Из дневника Льва Горнунга: «11 января 1932. Встретил художника Леонида Евгеньевича Фейнберга на улице. Он затащил меня к себе, в свою квартиру на Маросейке. Оказалось, что у его старшего брата, Самуила Евгеньевича, музыканта, в гостях Борис Пастернак». Какая уж тут «теория шести рукопожатий», когда это мои родные дед и дядя! А Льва Владимировича Горнунга хорошо помню, он часто приходил в гости, уже на 3-ю Миусскую. Я его боялась: к тому времени он был слеп, и на месте глаз ярко белели страшные пятна…

Как велик соблазн цитировать страницами! В какой-то момент хочется бросить все рассуждения, кажущиеся такими неуклюжими…

«Охранная грамота» не вполне автобиография, уж наверняка не в первую очередь такова, Пастернак прямо говорит, что «не пишет своей биографии», а обращается к ней, когда «того требует чужая». Но этого мало. Далее следует обобщение: «Всей своей жизни поэт придает такой добровольно крутой наклон, что ее не может быть в биографической вертикали, где мы ждем ее встретить».

А если так, стало быть, о ней имеет смысл говорить как раз в плоскости искусства, его задач, его сути. Именно осмысление искусства, которое «интересуется не человеком, но образом человека», и составляет плоть «Охранной грамоты», которая в итоге убеждает читателя в том, что «Образ же человека, как оказывается, – больше человека».

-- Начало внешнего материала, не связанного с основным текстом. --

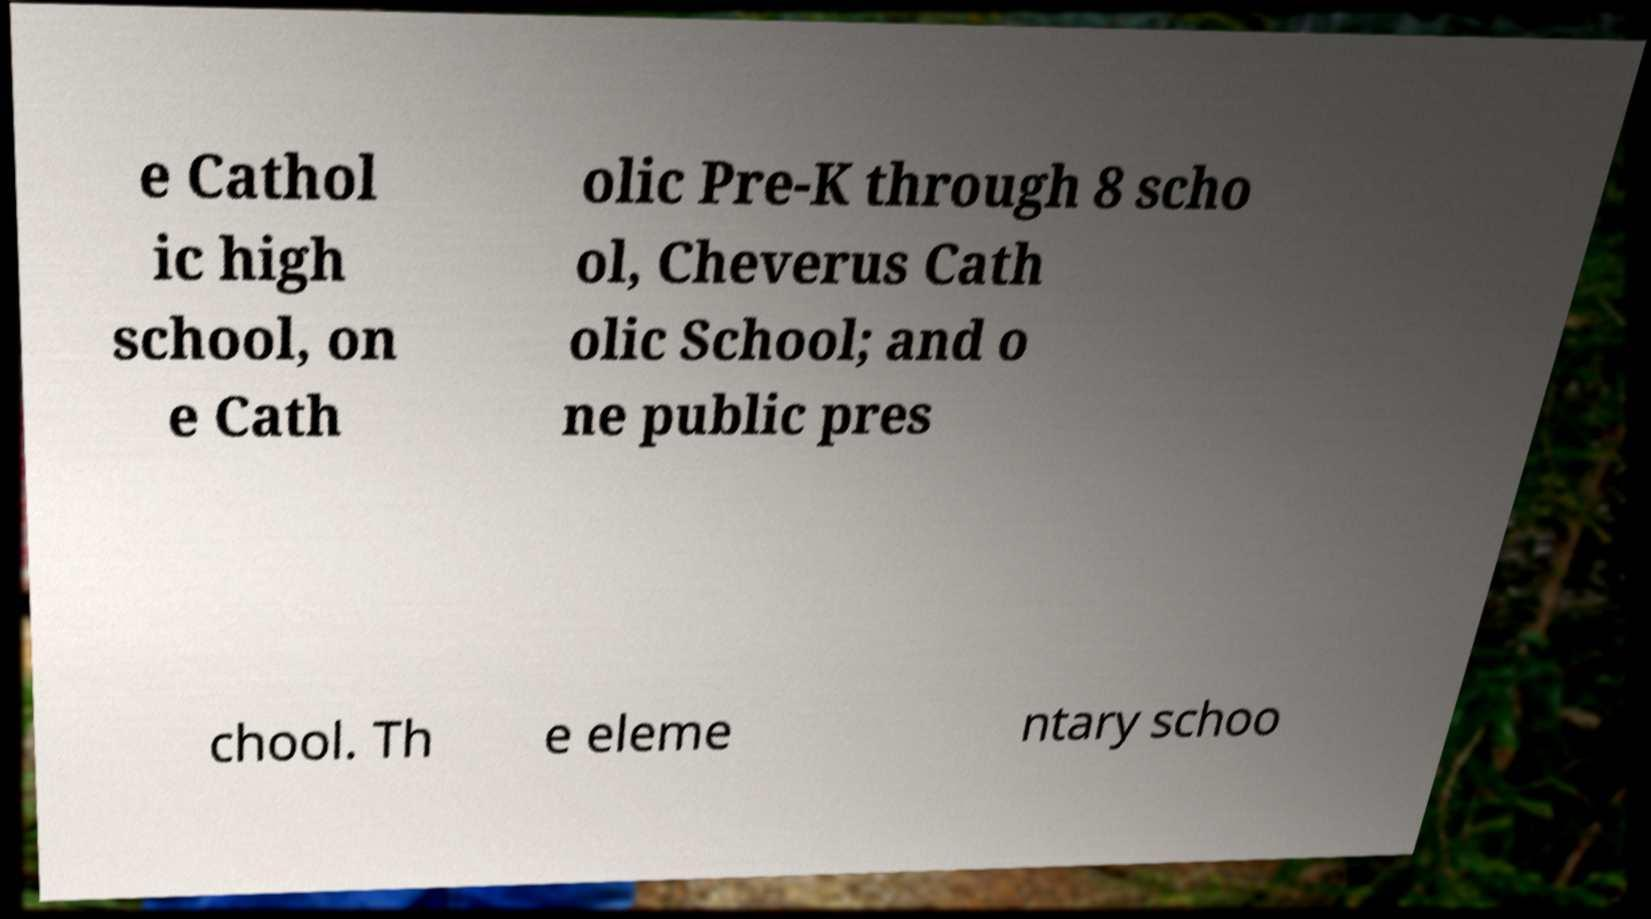Can you read and provide the text displayed in the image?This photo seems to have some interesting text. Can you extract and type it out for me? e Cathol ic high school, on e Cath olic Pre-K through 8 scho ol, Cheverus Cath olic School; and o ne public pres chool. Th e eleme ntary schoo

Интересно, что вскоре после ее окончания Борис Пастернак признавался своему английскому переводчику Дж. Риви: «Эту книгу я писал не как одну из многих, а как единственную». Даже делая поправку на всегдашнее ощущение последней написанной книги как главной, нельзя не признать, что это его credo, своего рода манифест, цельное высказывание о смысле и сути творчества. И дальше в том же письме: «Я в этой книге не изображаю, а думаю и разговариваю. Я стараюсь в ней быть не интересным, а точным». Невероятно точен Пастернак всегда, а «не изображаю» почему-то звучит здесь несколько снисходительно, с извинительной интонацией. Есть в «Охранной грамоте» одно место, на которое обычно не обращают внимания, увлеченные, с одной стороны, автобиографическими откровениями, с другой – размышлениями о природе искусства. Это описание флигеля Златоустинского монастыря, где жили артели цветочников и был оптовый склад. Оно начинается словами «Вонючую галерею до потолка загромождали порожние плетушки в иностранных марках под звучными итальянскими штемпелями». Затем возникает «одуряющее благоуханье», «волна светлого запаха» и наконец «Этот запах что-то напоминал и ускользал, оставляя в дураках сознанье. Казалось, что представленье о земле, склоняющее их к ежегодному возвращенью, весенние месяцы составили по этому запаху, и родники греческих поверий о Деметре были где-то невдалеке». Пассаж, занимающий целую страницу, – лучшее «изображение» цветочного царства, какое есть в литературе.

В «Охранной грамоте» – что, на мой взгляд, поразительно – нет ключевого, как мне кажется, слова для раннего Пастернака – «искушение». Но зато оно артикулированно произнесено Андреем Белым, которым, как признавался Борис Пастернак в «Людях и положениях», он «бредил», в частности, в стихотворении «Искуситель».

Сажусь за стол… И полдень жуткий,И пожелтевший фолиантЗаложен бледной незабудкой;И корешок, и надпись: Кант.

Мне кажется, что та чаша весов, на которой лежит незабудка, утяжеленная авторской иронией, перевешивает фолиант. «…В отличье от науки, берущей природу в разрезе светового столба, искусство интересуется жизнью при прохожденьи сквозь нее луча силового»; «Я переживал изученье науки сильнее, чем это требуется предметом». Отсюда и «Прощай философия!..».

«Искушения» завершаются «разрывами» – «манит страсть к разрывам»: с музыкой, с философией, с литературным новаторством.